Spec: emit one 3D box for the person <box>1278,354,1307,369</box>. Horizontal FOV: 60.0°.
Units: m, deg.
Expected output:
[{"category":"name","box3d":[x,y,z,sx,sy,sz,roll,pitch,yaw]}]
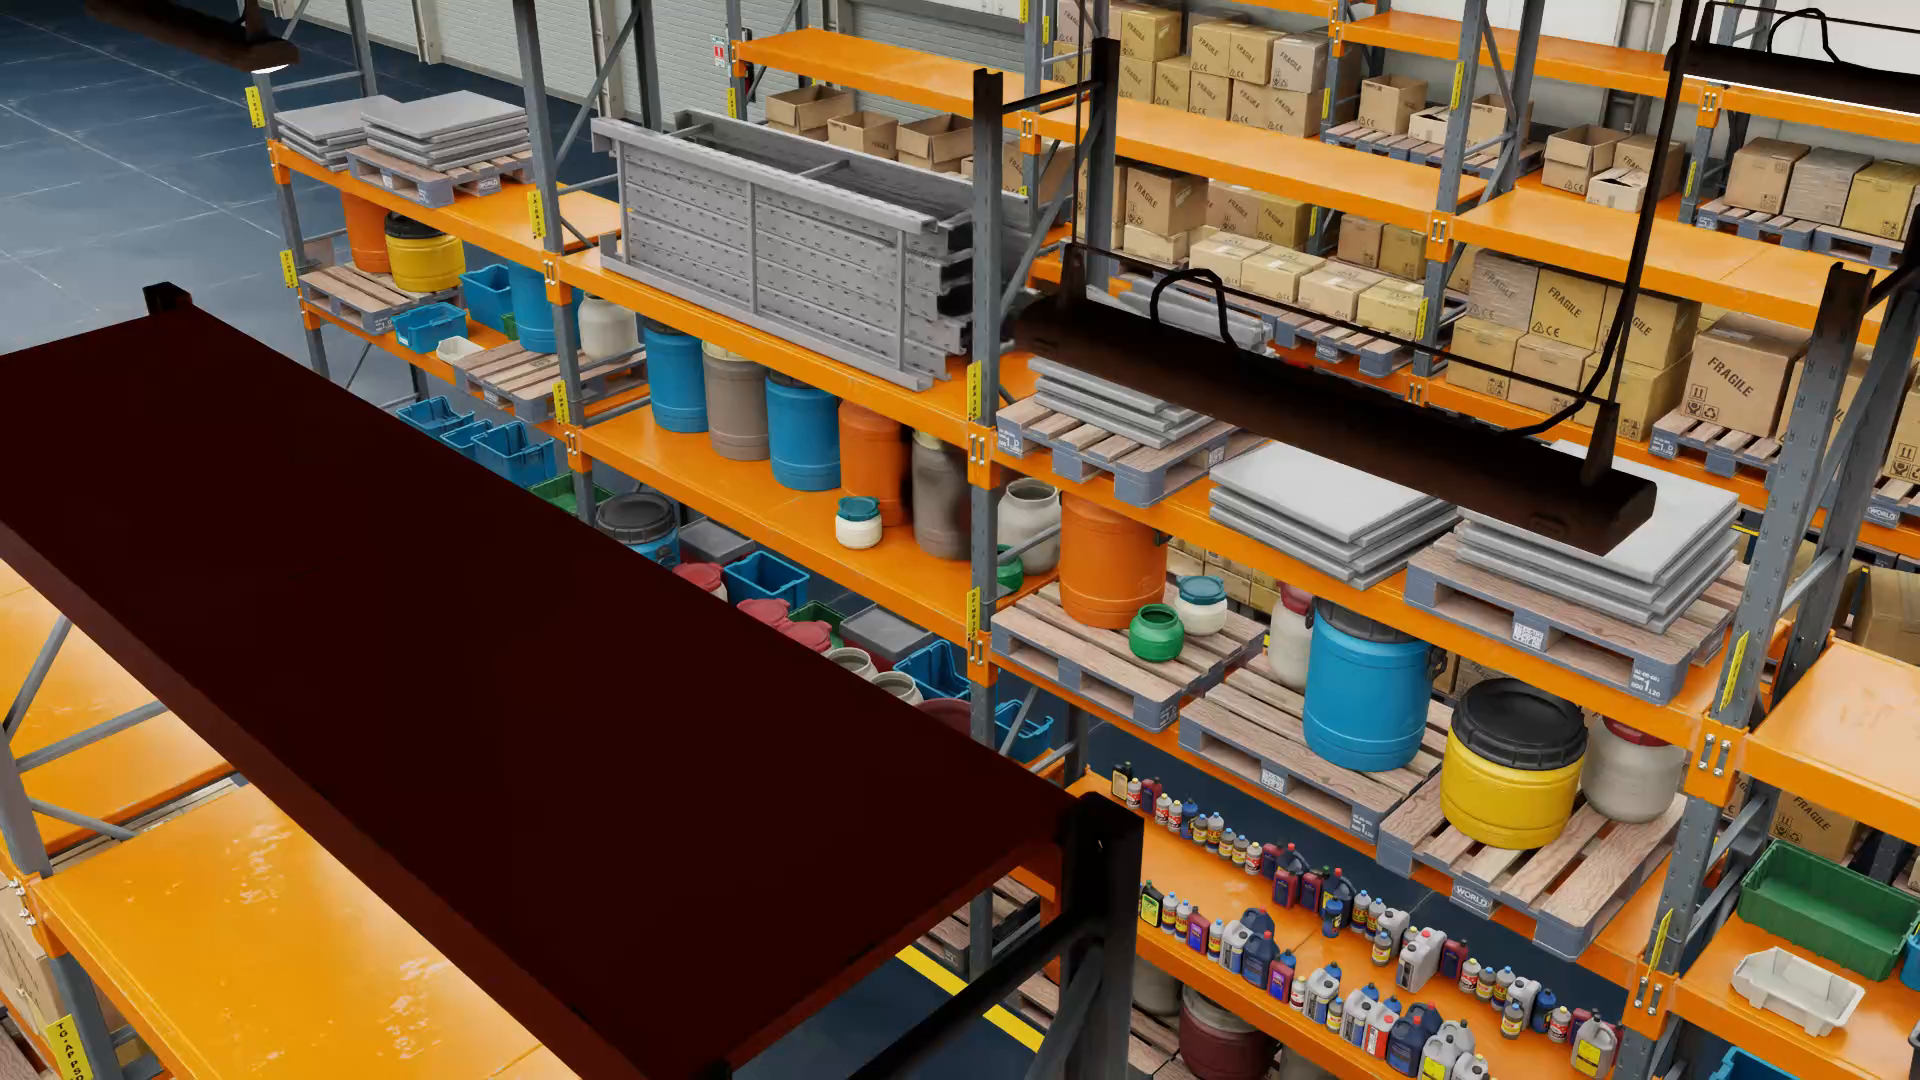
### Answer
[{"category":"person","box3d":[3.277,-1.207,16.683,0.575,1.674,0.713,21,35,32]}]
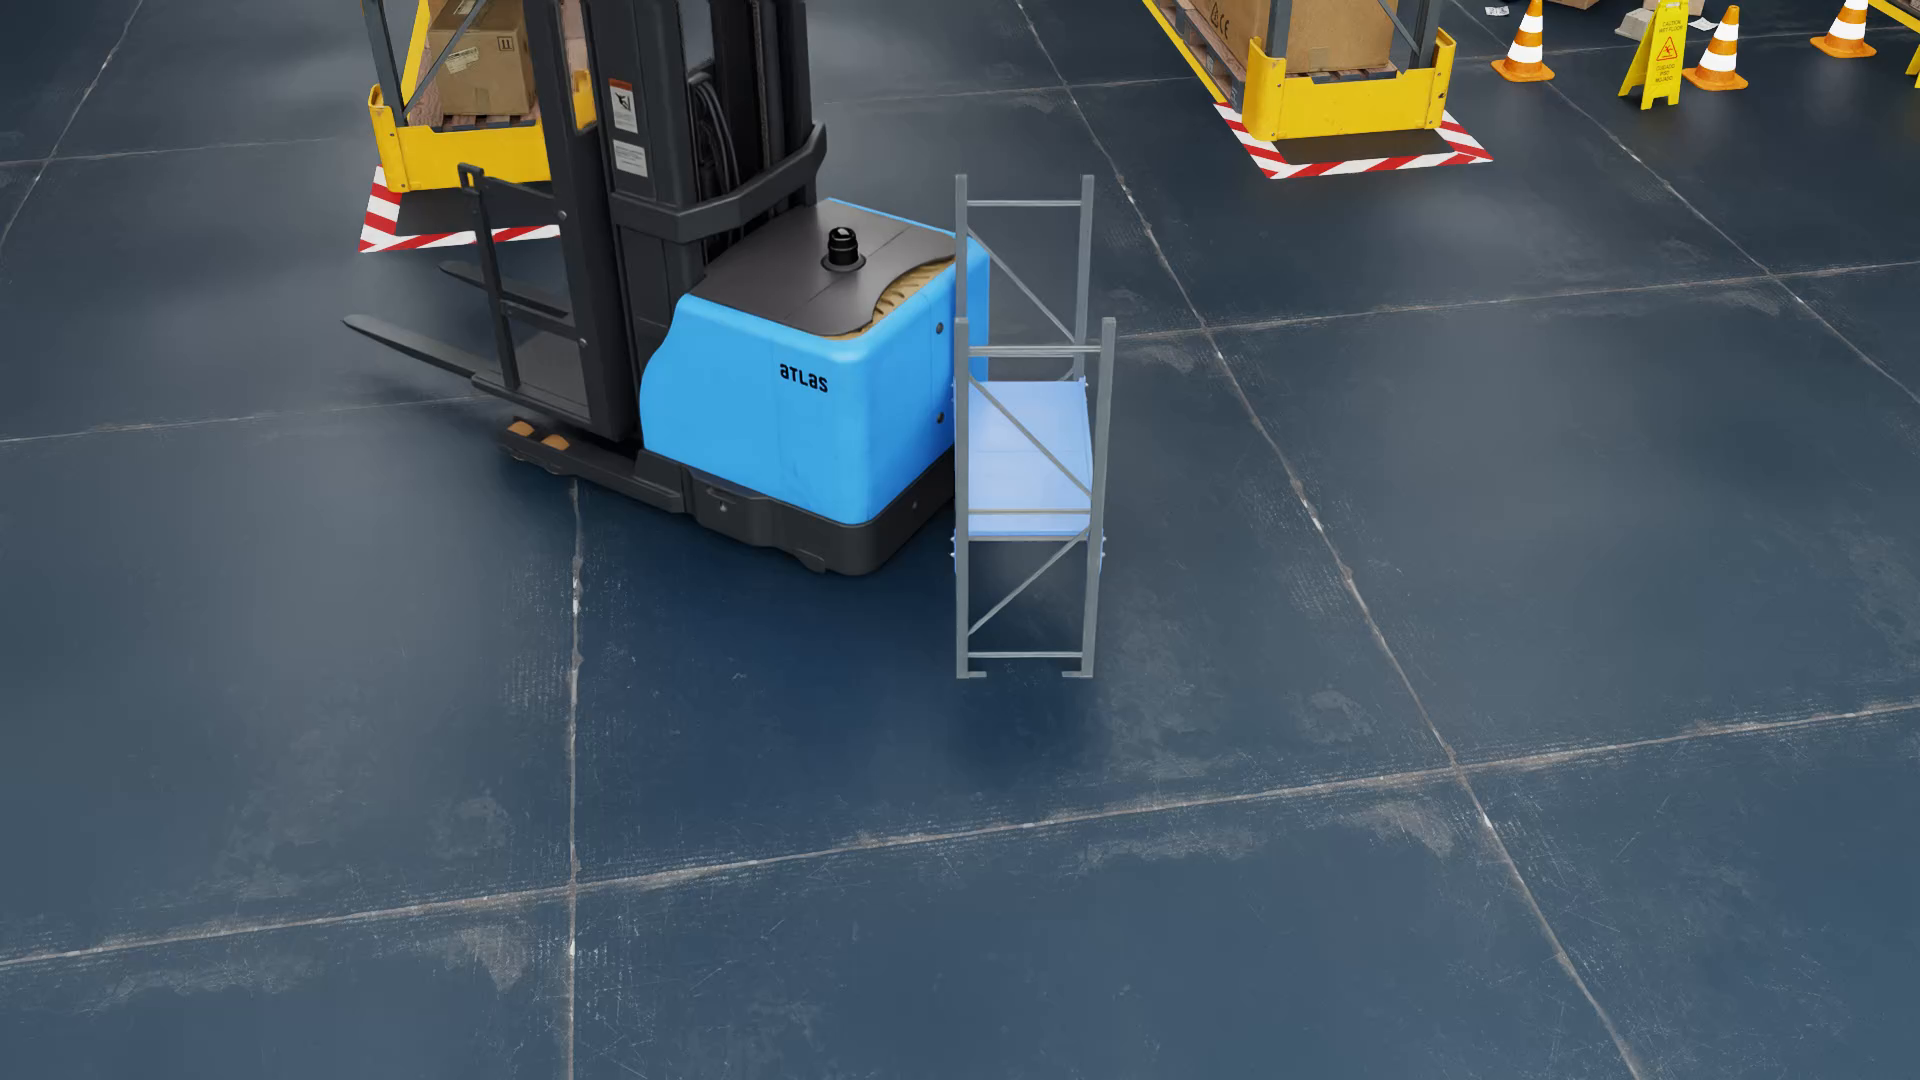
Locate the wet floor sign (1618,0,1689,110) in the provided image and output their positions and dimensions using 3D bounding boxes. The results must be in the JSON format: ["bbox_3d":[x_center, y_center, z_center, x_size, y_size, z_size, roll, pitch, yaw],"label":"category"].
[{"bbox_3d":[4.234,-2.966,10.041,0.267,0.644,0.232,-13,40,-16],"label":"wet floor sign"}]

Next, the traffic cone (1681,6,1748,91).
[{"bbox_3d":[4.756,-3.088,10.347,0.336,0.463,0.334,-6,38,-8],"label":"traffic cone"}]

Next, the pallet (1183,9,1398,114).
[{"bbox_3d":[2.062,-3.073,10.534,1.003,0.211,1.213,-6,38,-8],"label":"pallet"}]

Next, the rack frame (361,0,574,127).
[{"bbox_3d":[-2.622,-3.227,8.459,1.000,3.000,0.127,-6,38,-8],"label":"rack frame"}]

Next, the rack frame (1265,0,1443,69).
[{"bbox_3d":[2.279,-3.700,9.067,1.000,3.000,0.127,-6,38,-8],"label":"rack frame"}]

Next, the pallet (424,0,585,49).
[{"bbox_3d":[-2.953,-3.402,10.957,1.003,0.211,1.213,-6,38,-8],"label":"pallet"}]

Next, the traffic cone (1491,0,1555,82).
[{"bbox_3d":[3.584,-3.172,10.455,0.336,0.463,0.334,-6,38,-8],"label":"traffic cone"}]

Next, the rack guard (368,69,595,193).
[{"bbox_3d":[-2.635,-2.286,9.285,1.175,0.500,0.348,-6,38,-8],"label":"rack guard"}]

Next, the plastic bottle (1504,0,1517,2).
[{"bbox_3d":[3.790,-3.848,11.653,0.133,0.061,0.283,-20,42,-23],"label":"plastic bottle"}]

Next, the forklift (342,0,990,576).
[{"bbox_3d":[-1.396,-1.694,6.541,3.031,2.935,1.130,20,42,24],"label":"forklift"}]

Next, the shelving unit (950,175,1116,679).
[{"bbox_3d":[0.235,-0.405,6.049,0.538,1.500,1.048,0,38,0],"label":"shelving unit"}]

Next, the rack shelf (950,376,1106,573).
[{"bbox_3d":[0.235,-0.263,6.160,0.538,0.185,1.000,0,38,0],"label":"rack shelf"}]

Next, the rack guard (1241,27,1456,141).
[{"bbox_3d":[2.283,-2.698,9.816,1.175,0.500,0.348,-6,38,-8],"label":"rack guard"}]

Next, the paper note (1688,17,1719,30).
[{"bbox_3d":[5.009,-3.478,11.202,0.148,0.019,0.142,-20,42,-23],"label":"paper note"}]

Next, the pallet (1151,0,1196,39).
[{"bbox_3d":[1.851,-3.809,11.480,1.003,0.211,1.213,-6,38,-8],"label":"pallet"}]

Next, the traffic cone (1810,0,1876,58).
[{"bbox_3d":[5.789,-3.413,10.765,0.336,0.463,0.334,-6,38,-8],"label":"traffic cone"}]

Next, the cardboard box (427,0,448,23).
[{"bbox_3d":[-2.853,-3.143,10.045,0.500,0.500,0.500,3,38,4],"label":"cardboard box"}]

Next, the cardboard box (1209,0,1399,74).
[{"bbox_3d":[2.095,-3.429,10.109,0.875,0.875,0.875,-6,38,-8],"label":"cardboard box"}]

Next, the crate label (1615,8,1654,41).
[{"bbox_3d":[4.557,-3.427,11.050,0.250,0.136,0.298,-27,45,-31],"label":"crate label"}]

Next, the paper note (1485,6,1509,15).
[{"bbox_3d":[3.683,-3.631,11.401,0.144,0.017,0.142,6,38,8],"label":"paper note"}]

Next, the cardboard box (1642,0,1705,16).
[{"bbox_3d":[4.916,-3.742,11.445,0.380,0.149,0.250,13,40,16],"label":"cardboard box"}]

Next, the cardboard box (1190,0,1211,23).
[{"bbox_3d":[1.939,-3.960,10.792,0.875,0.875,0.875,-7,38,-9],"label":"cardboard box"}]

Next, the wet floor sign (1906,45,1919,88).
[{"bbox_3d":[6.115,-3.134,10.258,0.267,0.644,0.232,6,38,8],"label":"wet floor sign"}]

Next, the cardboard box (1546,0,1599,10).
[{"bbox_3d":[4.334,-4.096,11.612,0.637,0.503,0.797,27,45,30],"label":"cardboard box"}]

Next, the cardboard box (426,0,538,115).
[{"bbox_3d":[-2.715,-2.785,9.585,0.500,0.500,0.500,0,38,1],"label":"cardboard box"}]

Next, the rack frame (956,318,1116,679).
[{"bbox_3d":[0.236,-0.093,5.648,0.500,1.500,0.032,0,38,0],"label":"rack frame"}]

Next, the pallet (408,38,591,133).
[{"bbox_3d":[-2.743,-2.667,10.010,1.003,0.211,1.213,-6,38,-8],"label":"pallet"}]

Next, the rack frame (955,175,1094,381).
[{"bbox_3d":[0.234,-0.717,6.451,0.500,1.500,0.032,0,38,0],"label":"rack frame"}]

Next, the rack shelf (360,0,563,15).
[{"bbox_3d":[-2.972,-4.151,10.235,1.077,0.370,4.000,-6,38,-8],"label":"rack shelf"}]

= = = = =

Exercise aim => When you retype the listing, keep every line exactly as it is and drop the pictures.

Exercise output =>
Spec: emit one 3D box for the person <box>1278,354,1307,369</box>. Horizontal FOV: 60.0°.
Units: m, deg.
Expected output:
[{"category":"name","box3d":[x,y,z,sx,sy,sz,roll,pitch,yaw]}]
### Answer
[{"category":"person","box3d":[3.277,-1.207,16.683,0.575,1.674,0.713,21,35,32]}]
Locate the wet floor sign (1618,0,1689,110) in the provided image and output their positions and dimensions using 3D bounding boxes. The results must be in the JSON format: ["bbox_3d":[x_center, y_center, z_center, x_size, y_size, z_size, roll, pitch, yaw],"label":"category"].
[{"bbox_3d":[4.234,-2.966,10.041,0.267,0.644,0.232,-13,40,-16],"label":"wet floor sign"}]

Next, the traffic cone (1681,6,1748,91).
[{"bbox_3d":[4.756,-3.088,10.347,0.336,0.463,0.334,-6,38,-8],"label":"traffic cone"}]

Next, the pallet (1183,9,1398,114).
[{"bbox_3d":[2.062,-3.073,10.534,1.003,0.211,1.213,-6,38,-8],"label":"pallet"}]

Next, the rack frame (361,0,574,127).
[{"bbox_3d":[-2.622,-3.227,8.459,1.000,3.000,0.127,-6,38,-8],"label":"rack frame"}]

Next, the rack frame (1265,0,1443,69).
[{"bbox_3d":[2.279,-3.700,9.067,1.000,3.000,0.127,-6,38,-8],"label":"rack frame"}]

Next, the pallet (424,0,585,49).
[{"bbox_3d":[-2.953,-3.402,10.957,1.003,0.211,1.213,-6,38,-8],"label":"pallet"}]

Next, the traffic cone (1491,0,1555,82).
[{"bbox_3d":[3.584,-3.172,10.455,0.336,0.463,0.334,-6,38,-8],"label":"traffic cone"}]

Next, the rack guard (368,69,595,193).
[{"bbox_3d":[-2.635,-2.286,9.285,1.175,0.500,0.348,-6,38,-8],"label":"rack guard"}]

Next, the plastic bottle (1504,0,1517,2).
[{"bbox_3d":[3.790,-3.848,11.653,0.133,0.061,0.283,-20,42,-23],"label":"plastic bottle"}]

Next, the forklift (342,0,990,576).
[{"bbox_3d":[-1.396,-1.694,6.541,3.031,2.935,1.130,20,42,24],"label":"forklift"}]

Next, the shelving unit (950,175,1116,679).
[{"bbox_3d":[0.235,-0.405,6.049,0.538,1.500,1.048,0,38,0],"label":"shelving unit"}]

Next, the rack shelf (950,376,1106,573).
[{"bbox_3d":[0.235,-0.263,6.160,0.538,0.185,1.000,0,38,0],"label":"rack shelf"}]

Next, the rack guard (1241,27,1456,141).
[{"bbox_3d":[2.283,-2.698,9.816,1.175,0.500,0.348,-6,38,-8],"label":"rack guard"}]

Next, the paper note (1688,17,1719,30).
[{"bbox_3d":[5.009,-3.478,11.202,0.148,0.019,0.142,-20,42,-23],"label":"paper note"}]

Next, the pallet (1151,0,1196,39).
[{"bbox_3d":[1.851,-3.809,11.480,1.003,0.211,1.213,-6,38,-8],"label":"pallet"}]

Next, the traffic cone (1810,0,1876,58).
[{"bbox_3d":[5.789,-3.413,10.765,0.336,0.463,0.334,-6,38,-8],"label":"traffic cone"}]

Next, the cardboard box (427,0,448,23).
[{"bbox_3d":[-2.853,-3.143,10.045,0.500,0.500,0.500,3,38,4],"label":"cardboard box"}]

Next, the cardboard box (1209,0,1399,74).
[{"bbox_3d":[2.095,-3.429,10.109,0.875,0.875,0.875,-6,38,-8],"label":"cardboard box"}]

Next, the crate label (1615,8,1654,41).
[{"bbox_3d":[4.557,-3.427,11.050,0.250,0.136,0.298,-27,45,-31],"label":"crate label"}]

Next, the paper note (1485,6,1509,15).
[{"bbox_3d":[3.683,-3.631,11.401,0.144,0.017,0.142,6,38,8],"label":"paper note"}]

Next, the cardboard box (1642,0,1705,16).
[{"bbox_3d":[4.916,-3.742,11.445,0.380,0.149,0.250,13,40,16],"label":"cardboard box"}]

Next, the cardboard box (1190,0,1211,23).
[{"bbox_3d":[1.939,-3.960,10.792,0.875,0.875,0.875,-7,38,-9],"label":"cardboard box"}]

Next, the wet floor sign (1906,45,1919,88).
[{"bbox_3d":[6.115,-3.134,10.258,0.267,0.644,0.232,6,38,8],"label":"wet floor sign"}]

Next, the cardboard box (1546,0,1599,10).
[{"bbox_3d":[4.334,-4.096,11.612,0.637,0.503,0.797,27,45,30],"label":"cardboard box"}]

Next, the cardboard box (426,0,538,115).
[{"bbox_3d":[-2.715,-2.785,9.585,0.500,0.500,0.500,0,38,1],"label":"cardboard box"}]

Next, the rack frame (956,318,1116,679).
[{"bbox_3d":[0.236,-0.093,5.648,0.500,1.500,0.032,0,38,0],"label":"rack frame"}]

Next, the pallet (408,38,591,133).
[{"bbox_3d":[-2.743,-2.667,10.010,1.003,0.211,1.213,-6,38,-8],"label":"pallet"}]

Next, the rack frame (955,175,1094,381).
[{"bbox_3d":[0.234,-0.717,6.451,0.500,1.500,0.032,0,38,0],"label":"rack frame"}]

Next, the rack shelf (360,0,563,15).
[{"bbox_3d":[-2.972,-4.151,10.235,1.077,0.370,4.000,-6,38,-8],"label":"rack shelf"}]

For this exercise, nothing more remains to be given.